Dataset entries:
"""

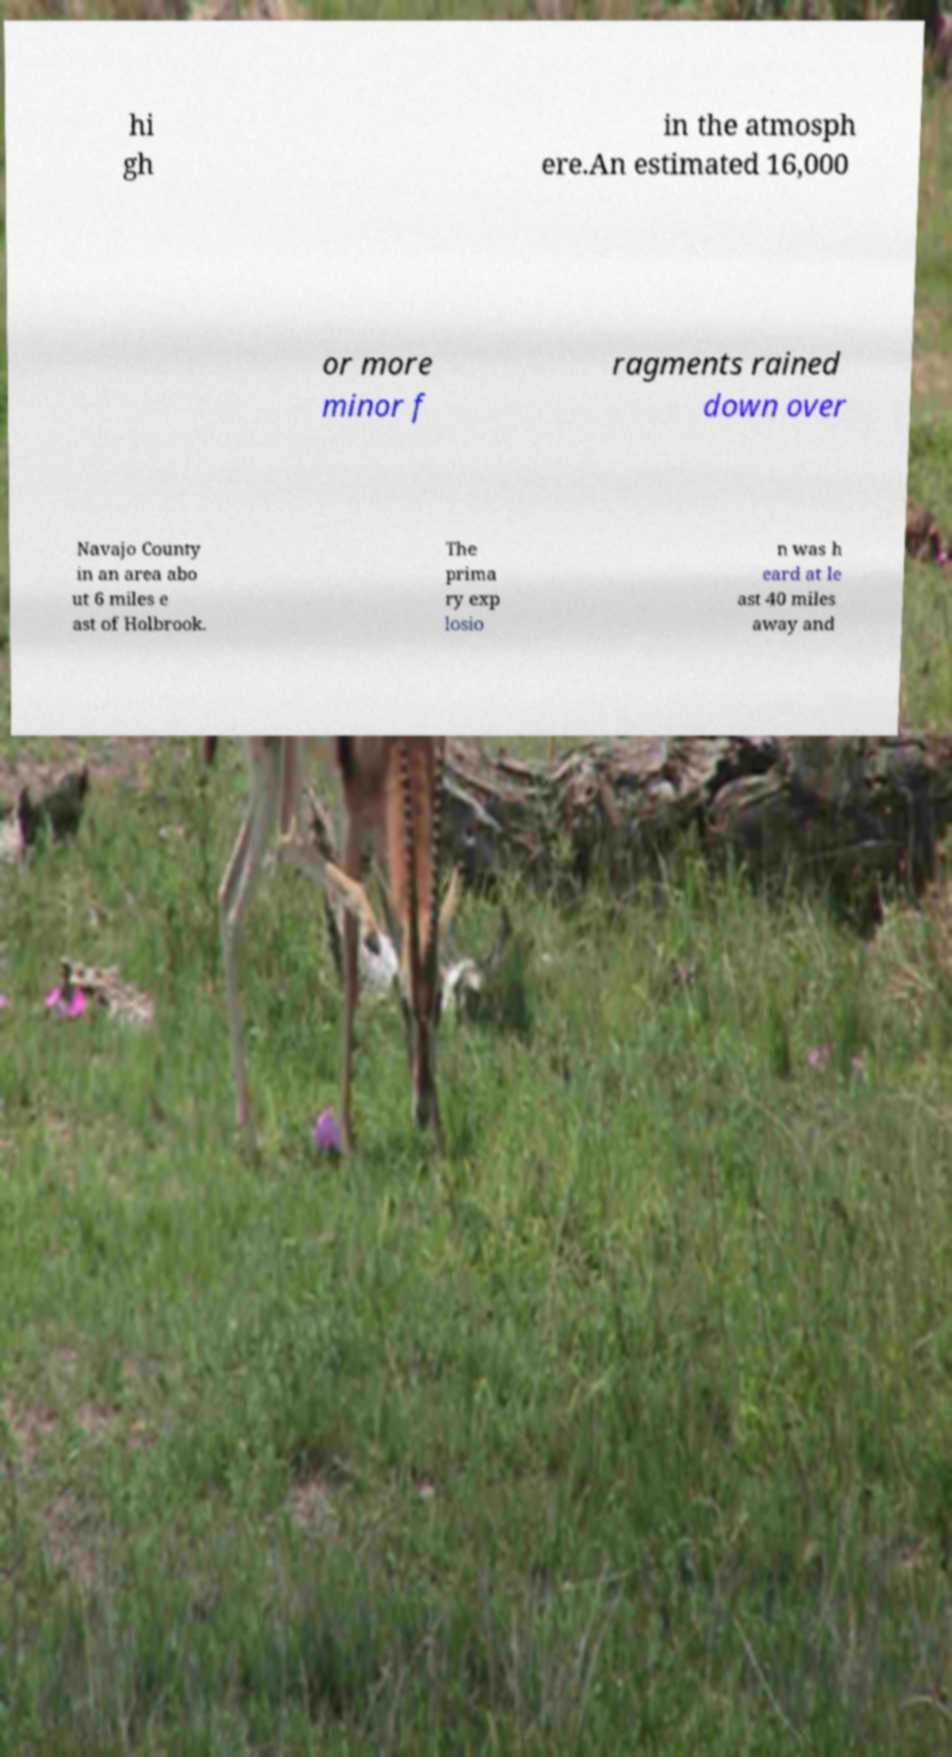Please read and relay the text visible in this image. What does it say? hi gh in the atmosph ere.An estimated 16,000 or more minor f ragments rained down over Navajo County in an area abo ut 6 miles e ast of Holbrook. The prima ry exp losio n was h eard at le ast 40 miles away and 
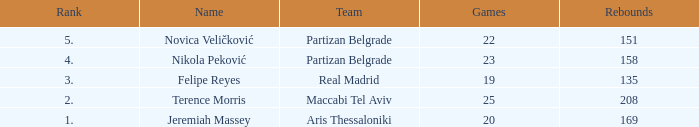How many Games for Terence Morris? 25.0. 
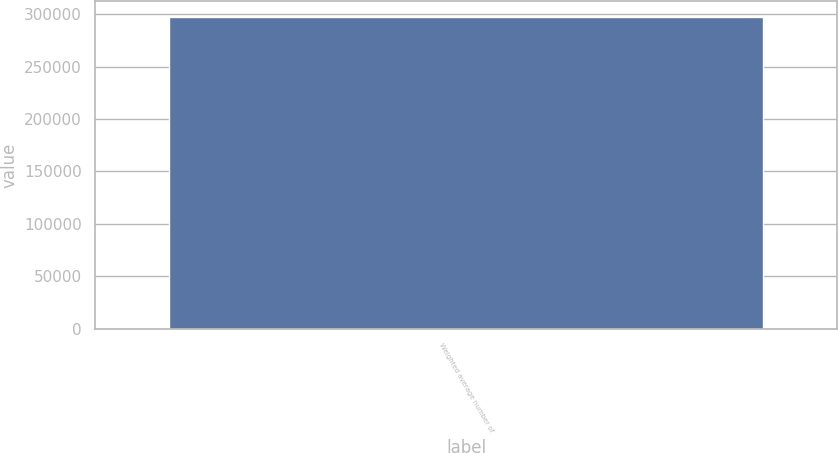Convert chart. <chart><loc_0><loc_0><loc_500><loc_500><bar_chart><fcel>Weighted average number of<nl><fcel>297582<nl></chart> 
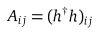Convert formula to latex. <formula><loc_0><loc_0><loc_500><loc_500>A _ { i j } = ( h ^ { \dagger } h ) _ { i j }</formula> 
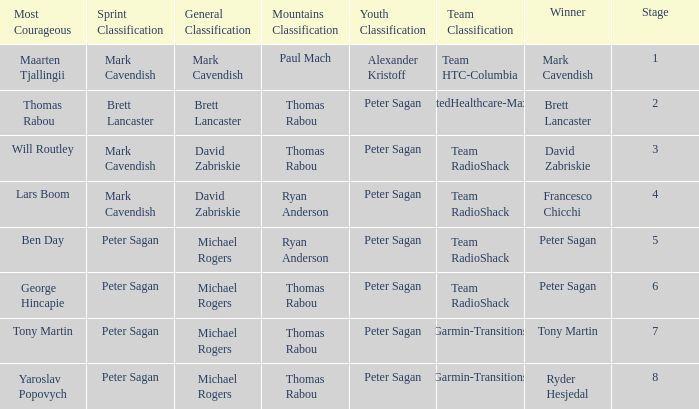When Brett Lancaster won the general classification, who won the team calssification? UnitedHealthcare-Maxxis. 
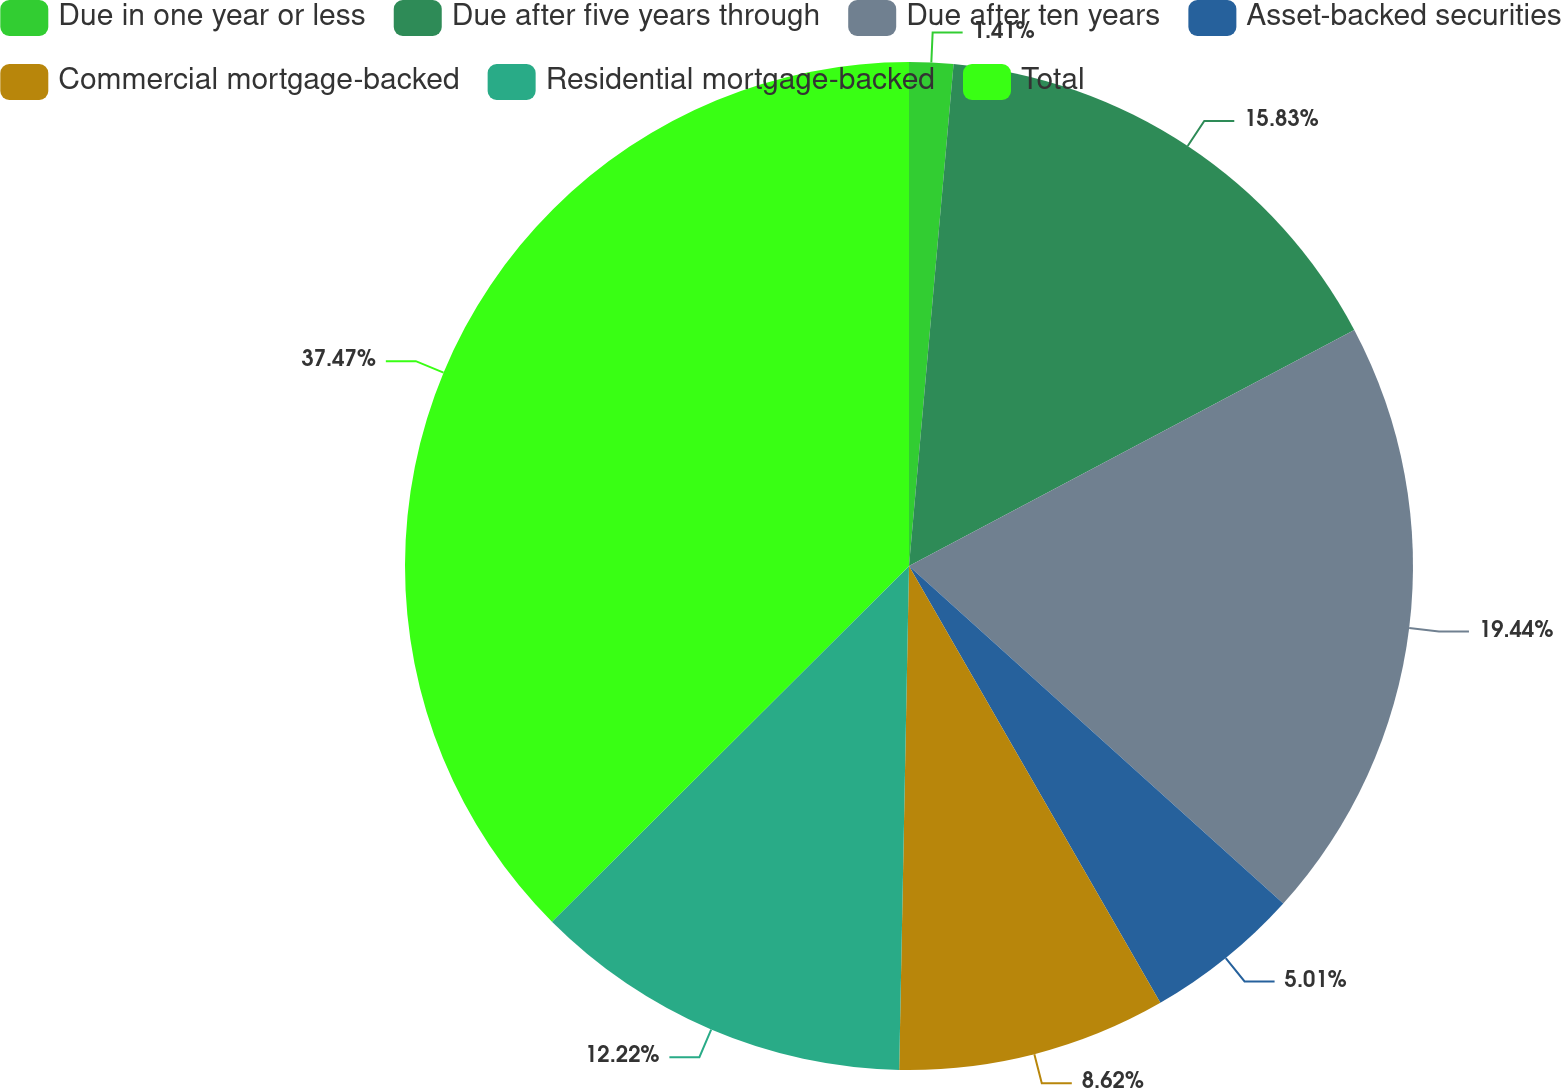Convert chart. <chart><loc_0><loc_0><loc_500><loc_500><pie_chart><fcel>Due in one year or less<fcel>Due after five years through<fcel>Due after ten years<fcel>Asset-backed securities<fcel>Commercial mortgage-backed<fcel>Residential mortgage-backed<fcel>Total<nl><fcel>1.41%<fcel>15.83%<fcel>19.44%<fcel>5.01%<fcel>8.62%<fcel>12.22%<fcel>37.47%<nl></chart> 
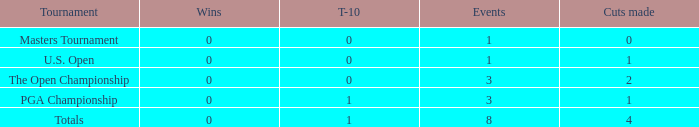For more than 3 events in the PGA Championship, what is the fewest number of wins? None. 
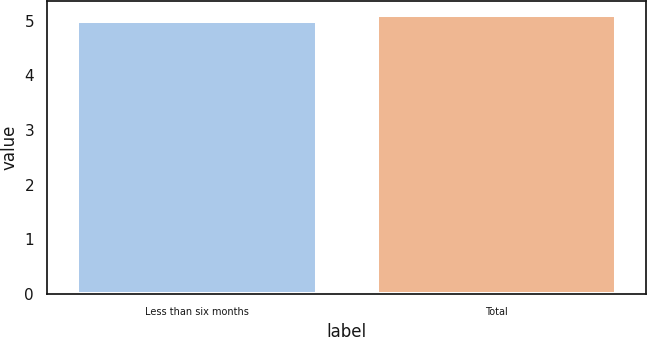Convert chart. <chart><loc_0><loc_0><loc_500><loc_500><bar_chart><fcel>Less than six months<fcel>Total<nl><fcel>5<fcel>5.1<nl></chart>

"""

What you should do – From the line containing "For more than" to the last line of the records, inclusive, output the lines exactly as written and nothing else; leave out the pictures.

Answer for the task –
For more than 3 events in the PGA Championship, what is the fewest number of wins? None. 
Convert chart. <chart><loc_0><loc_0><loc_500><loc_500><bar_chart><fcel>Less than six months<fcel>Total<nl><fcel>5<fcel>5.1<nl></chart>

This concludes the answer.